Entonces, inspector Méndez, hice dos cosas, las dos en orden correlativo. La primera y más fácil fue aceptar un cambio de horario en el trabajo, para llegar a comer a casa algo más tarde, ya que me dije: «Entonces mi mujer ya no estará en la hora punta de la tele y podrá sentarse un rato a mi lado, para que charlemos». Pero qué coño. Yo no sabía entonces que las horas puntas de la tele son exactamente todas las horas. O sea que aguántate. Cuando yo llegaba estaban pasando uno de sus programas favoritos, tres telenovelas (una detrás de otra, claro), a las que seguía una especie de confesión pública donde unas señoras explicaban sus pecados, pero con preferencia los pecados de sus maridos.

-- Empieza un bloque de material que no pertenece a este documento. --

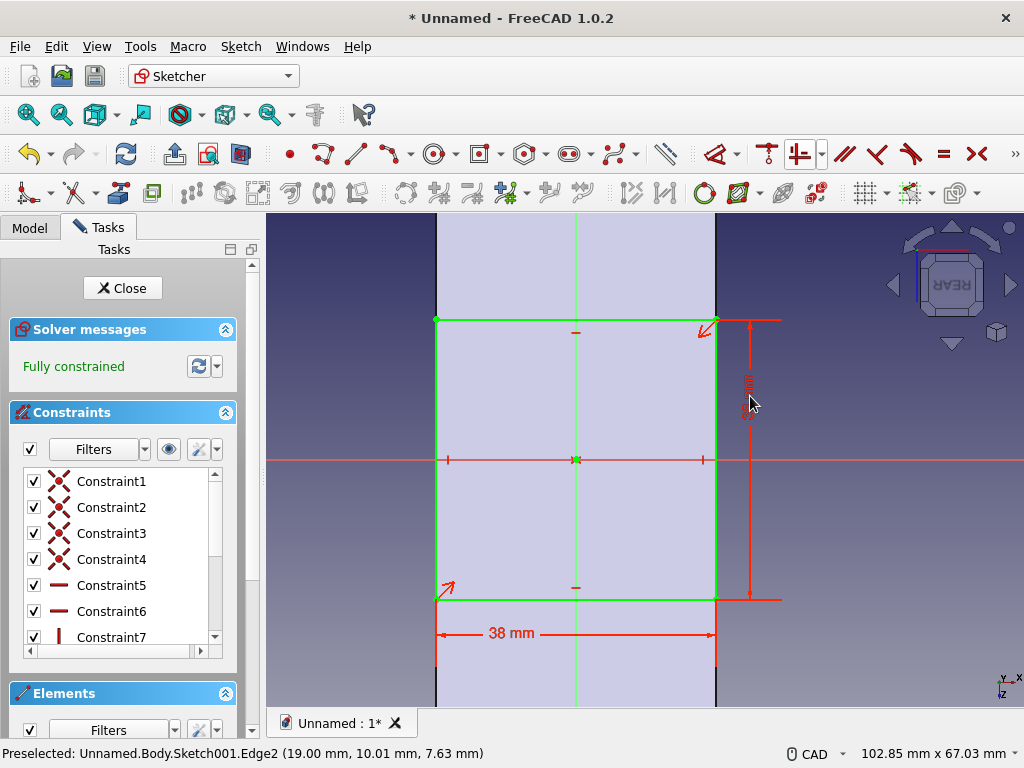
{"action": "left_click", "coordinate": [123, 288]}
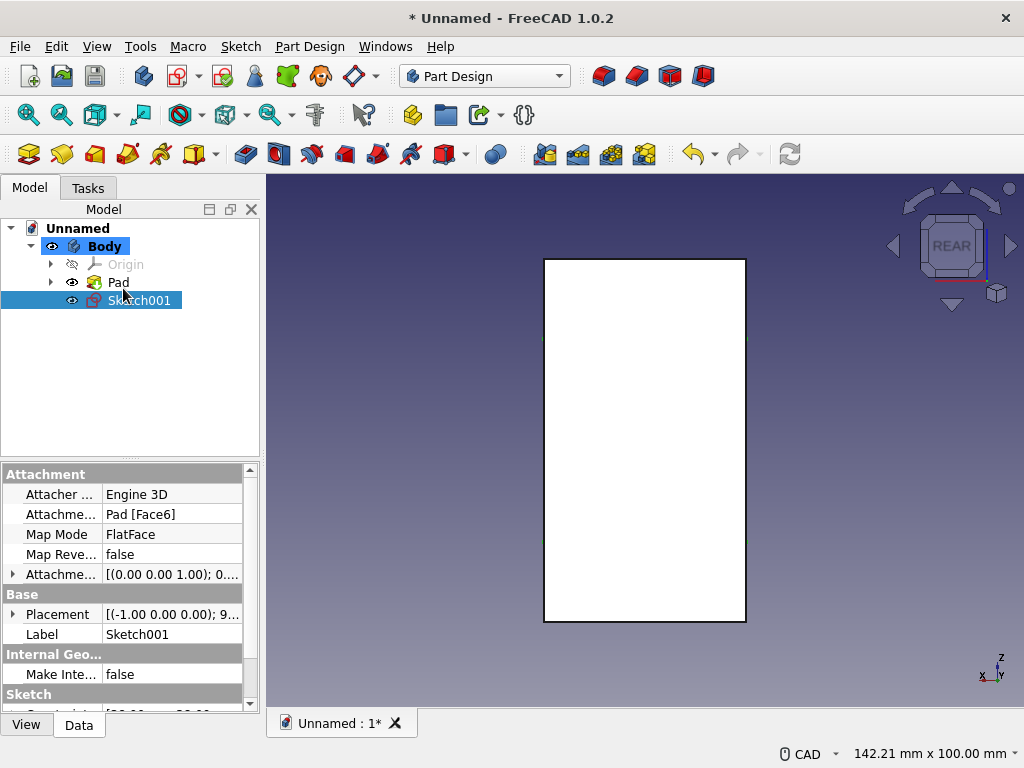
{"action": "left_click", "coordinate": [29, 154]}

Mi mujer me gritaba, sirviéndome la comida a golpes: «¡Y encima vienes ahora!».
La segunda cosa que por orden correlativo hice, inspector, fue remediar el hecho de que no tuviéramos un hijo. Los hijos unen, según se dice, y si no unen, al menos hacen hablar a los padres. Pero usted ya debe de haber leído en el atestado que somos un matrimonio estéril, la cual cosa tenía mal remedio cuando éramos jóvenes, pero ahora muchísimo peor. Y como no teníamos pasta para adoptar un chaval, ni perspectiva de tenerla, decidí que podía acompañarnos el hijo de unos vecinos que estaba todo el día solo en casa. El hijo de los vecinos vino encantado al comprobar que nuestra tele era diez veces más grande que la suya, y enseguida descubrió que tenía unos videojuegos, cosa que ni mi mujer ni yo hubiéramos podido descubrir jamás. Yo creo que, en cuestión de apretar botoncitos, todos los chavales nacen ingenieros ahora. Se sentaba en la alfombra, tomaba el mando a distancia y dale que dale, se hartaba de matar en la pantalla a unos extraños seres cuya muerte no le importaba a nadie, porque por lo visto eran marcianos, o al menos inmigrantes sin papeles.
El remedio, amigo inspector que ha de perseguirme, fue peor que el mal. Mi mujer, hastiada de no tener el televisor para ella, echó de casa al hijo de los vecinos (que también nos echaron de la suya) y encima dejó de hablarme del todo: en el comedor, en el pasillo de casa, en la cocina, y ya no digamos en el dormitorio. Cuando terminaba el último programa de la noche, se quedaba dormida como un tronco sin ni siquiera apagar el cacharro. Así ya me dirá usted si podíamos soñar en llegar a tener un hijo.
Solamente, al cabo de unos días, abrió la boca para hablarme. Yo me dispuse a oírla, lleno de esperanza. Pero lo único que me dijo fue:
– Tienes que trabajar más para que podamos abonarnos a unas cadenas de pago que están muy bien, y que al fin y al cabo ya tiene todo el mundo. Lo que ahora podemos ver es una auténtica birria. De modo que… ¡espabila!
Fue entonces cuando le aticé con el cacharro, cuando le di a traición y con todas las agravantes del caso. Y fue entonces también cuando bajé a la calle, donde aquel chaval de los vecinos se puso a hablar conmigo. Me dijo que nunca veía a sus padres, y que cuando éstos llegaban, lo primero que hacían era enchufar el televisor, o sea que no hablaban con él. No llegaba a hablar con nadie, de modo que me daba las gracias por estar a su lado.
Y también fue entonces, inspector Méndez, cuando, para vergüenza mía, me puse a llorar.